37-latek z Warszawy uciekał przed policją w Nowej Dębie. Stracił uprawnienia

/ram/
Tysiąc złotych grzywny i zakaz prowadzenia motocykli przez rok - taką karę wymierzył tarnobrzeski sąd 37-latkowi z Warszawy, który w Nowej Dębie (powiat tarnobrzeski) uciekał przed policją i złamał wiele przepisów ruchu drogowego.

8 czerwca po godzinie 19, patrol policji zauważył motocyklistę, który swoja hondą jechał ulicą Łagockiego w Nowej Dębie z prędkością ponad 100 kilometrów na godzinę.

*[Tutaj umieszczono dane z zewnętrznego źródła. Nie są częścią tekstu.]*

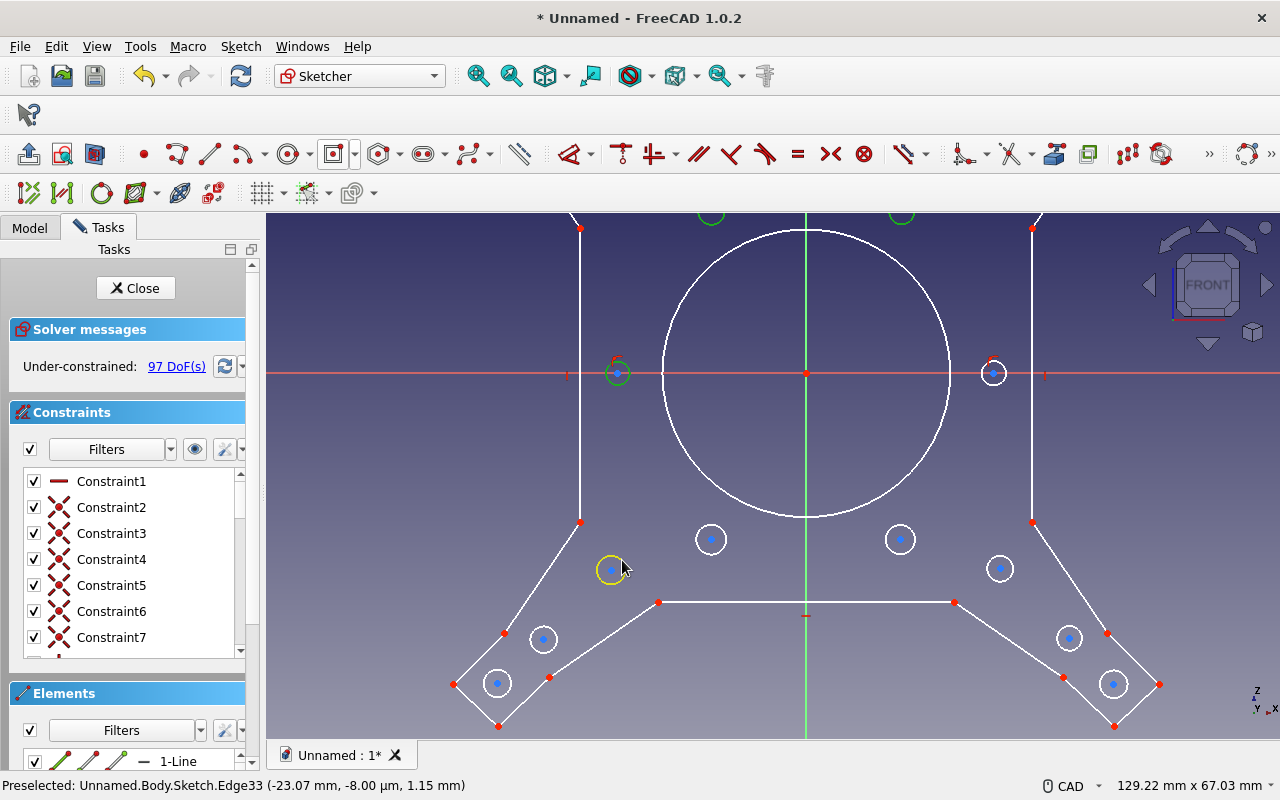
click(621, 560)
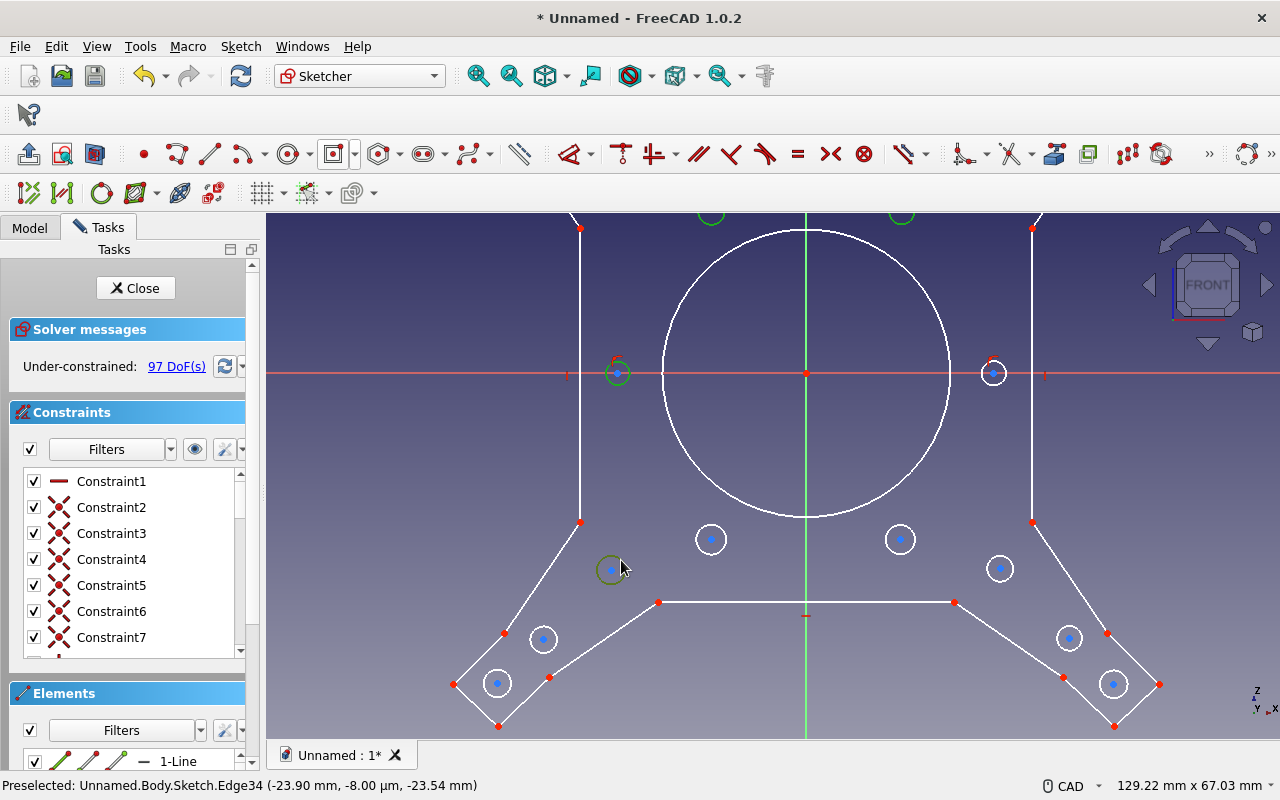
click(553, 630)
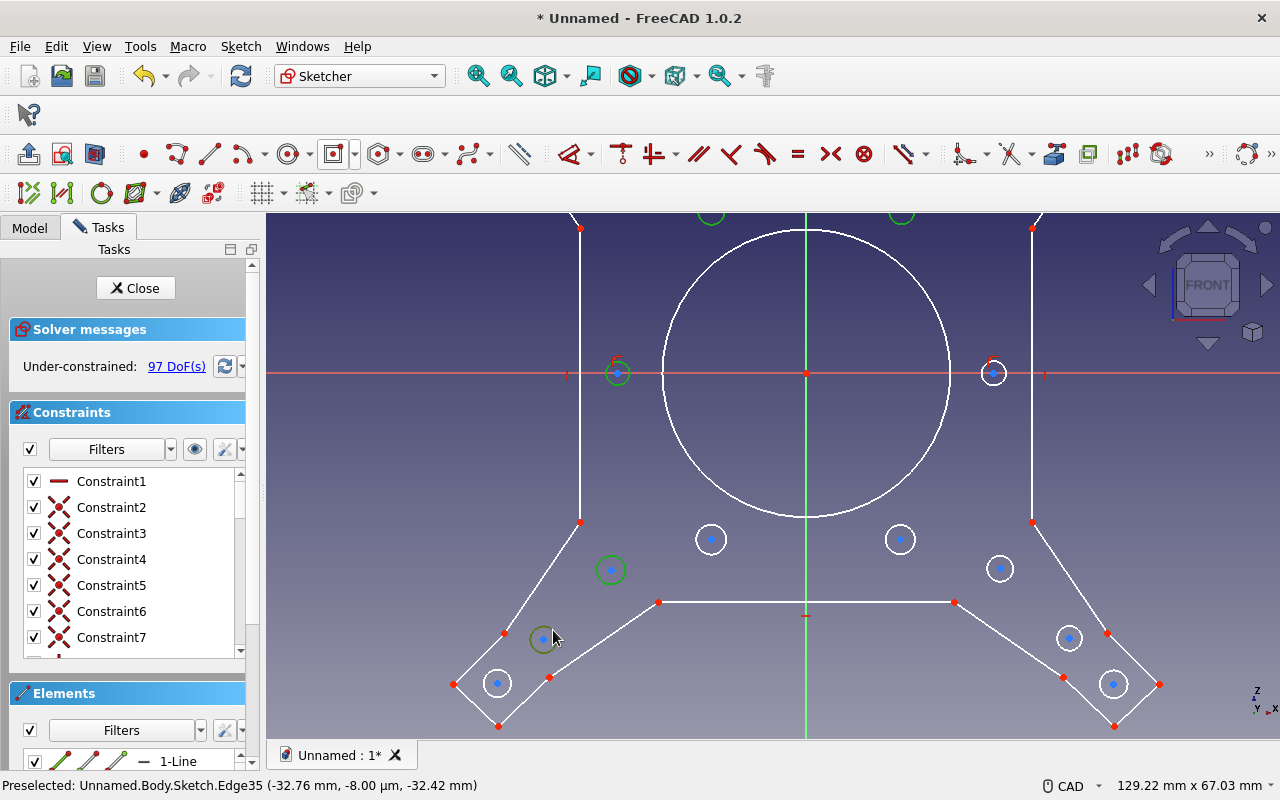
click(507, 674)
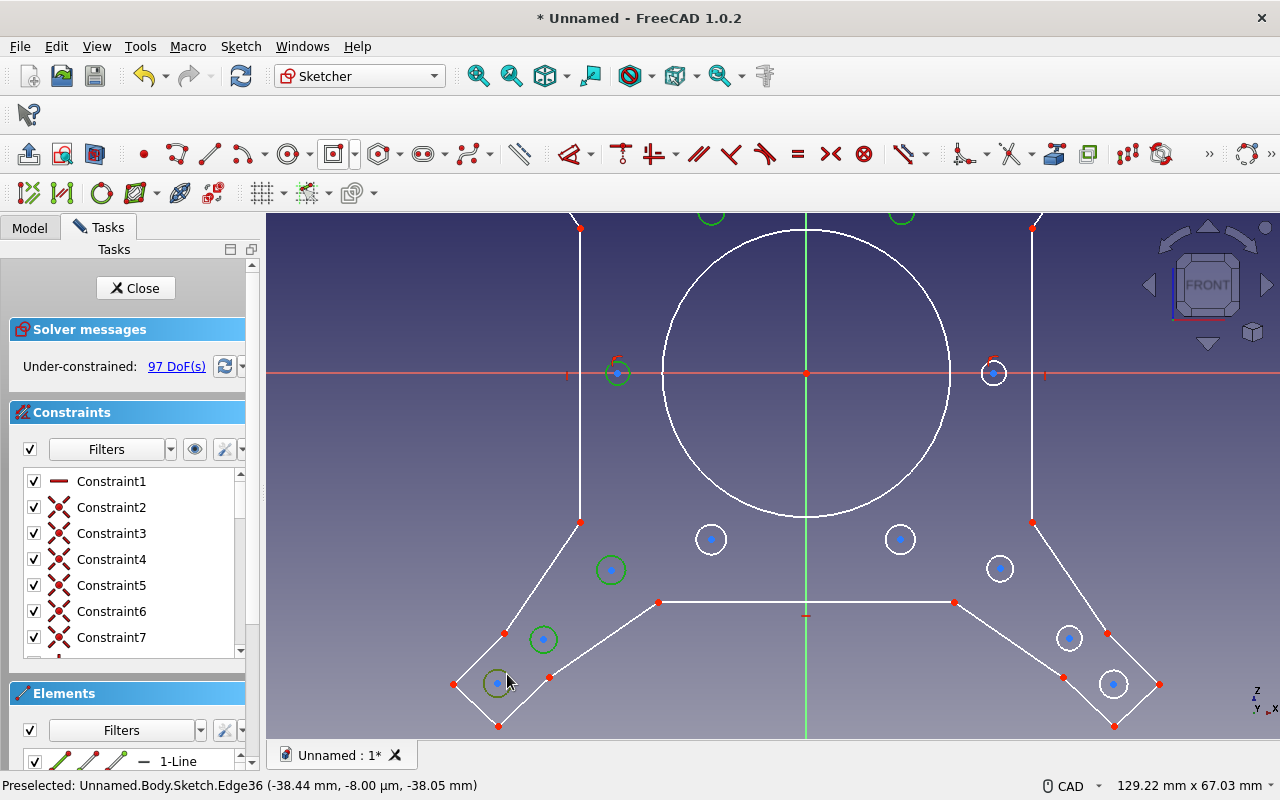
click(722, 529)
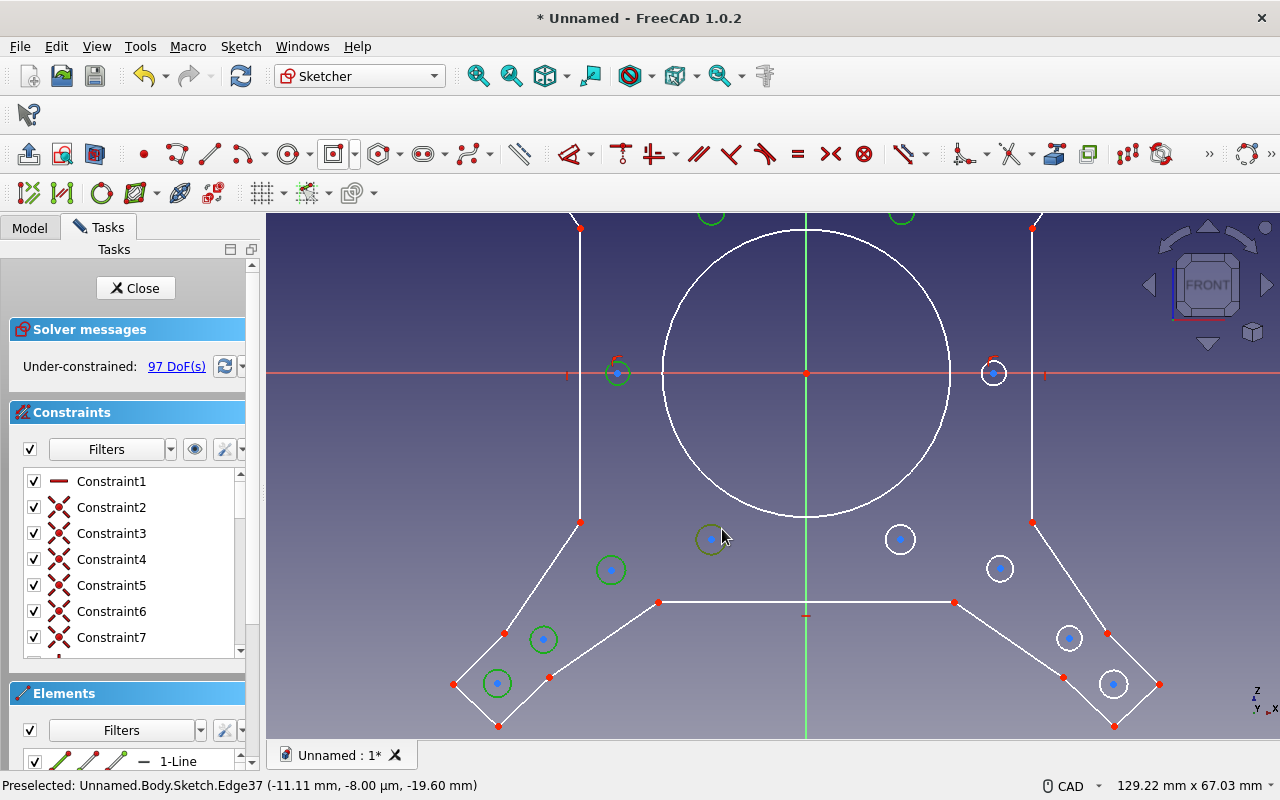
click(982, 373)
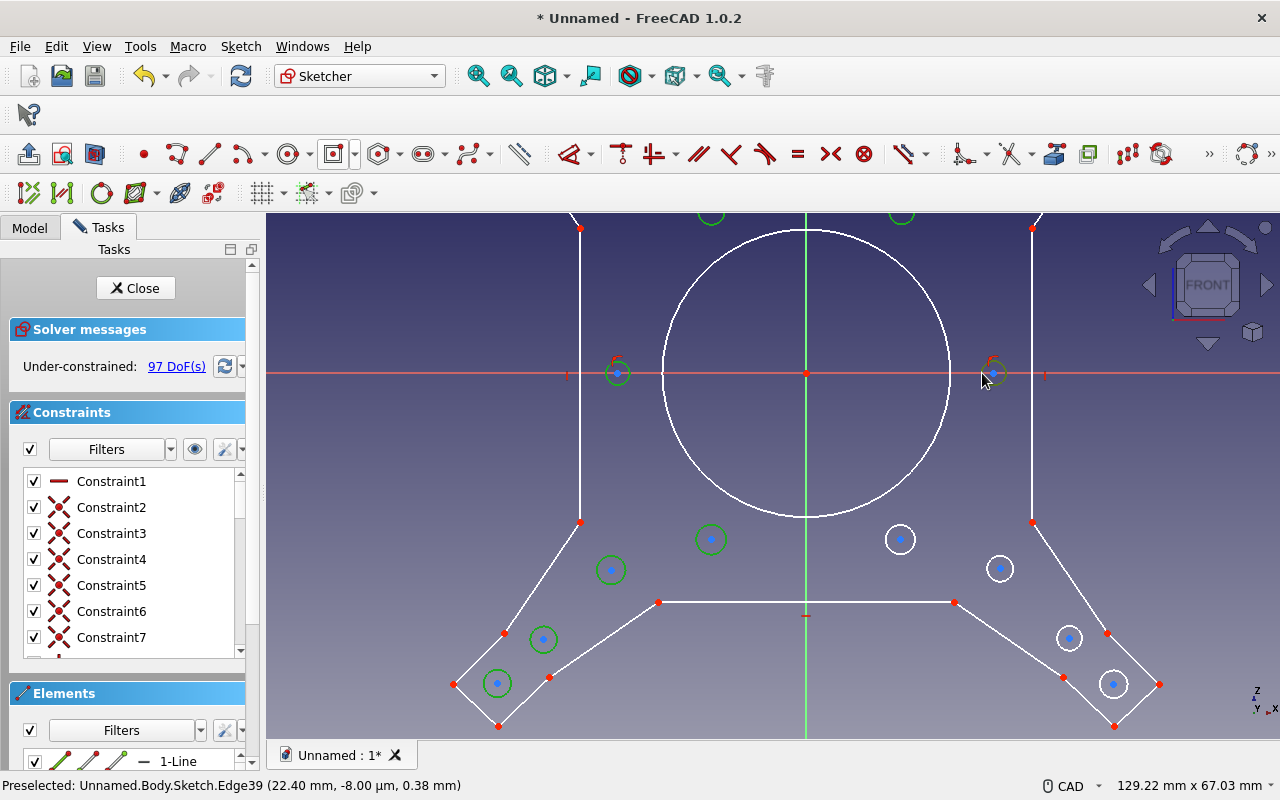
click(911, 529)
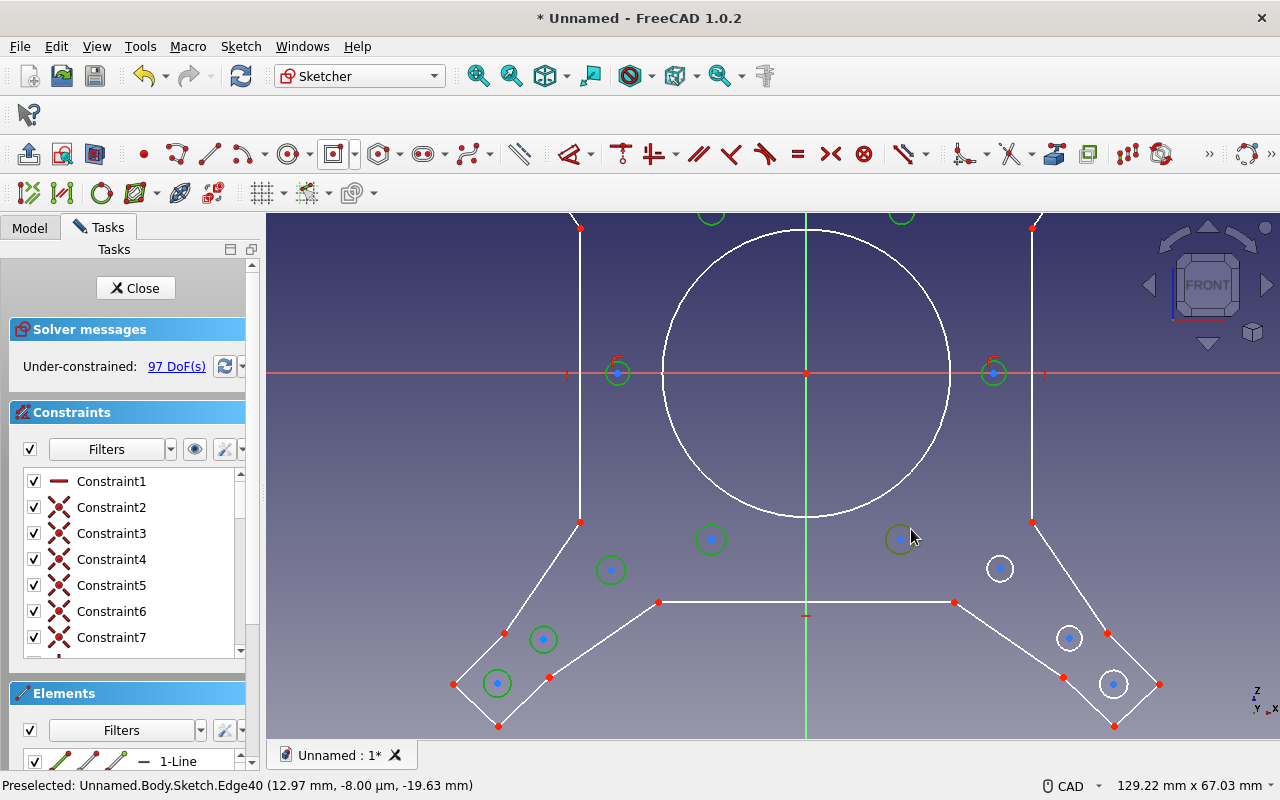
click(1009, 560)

- Mężczyzna wyprzedzał inne pojazdy w miejscach niedozwolonych, nie stosował się do znaków, nie miał również widocznej tablicy rejestracyjnej. Policjanci ruszyli w pościg za motocyklistą. Używając sygnałów świetlnych i dźwiękowych próbowali go zatrzymać, ten jednak nie reagował cały czas jechał z niedozwoloną prędkością - relacjonuje nadkomisarz Beata Jędrzejewska-Wrona, oficer prasowy policji w Tarnobrzegu.

Prędkość pędzącego motocyklisty dochodziła do 160 km/h. Policjanci kontynuowali pościg, w Jadachach zdołali zatrzymać pirata drogowego. Kierującym hondą okazał się 37-letni mieszkaniec Warszawy.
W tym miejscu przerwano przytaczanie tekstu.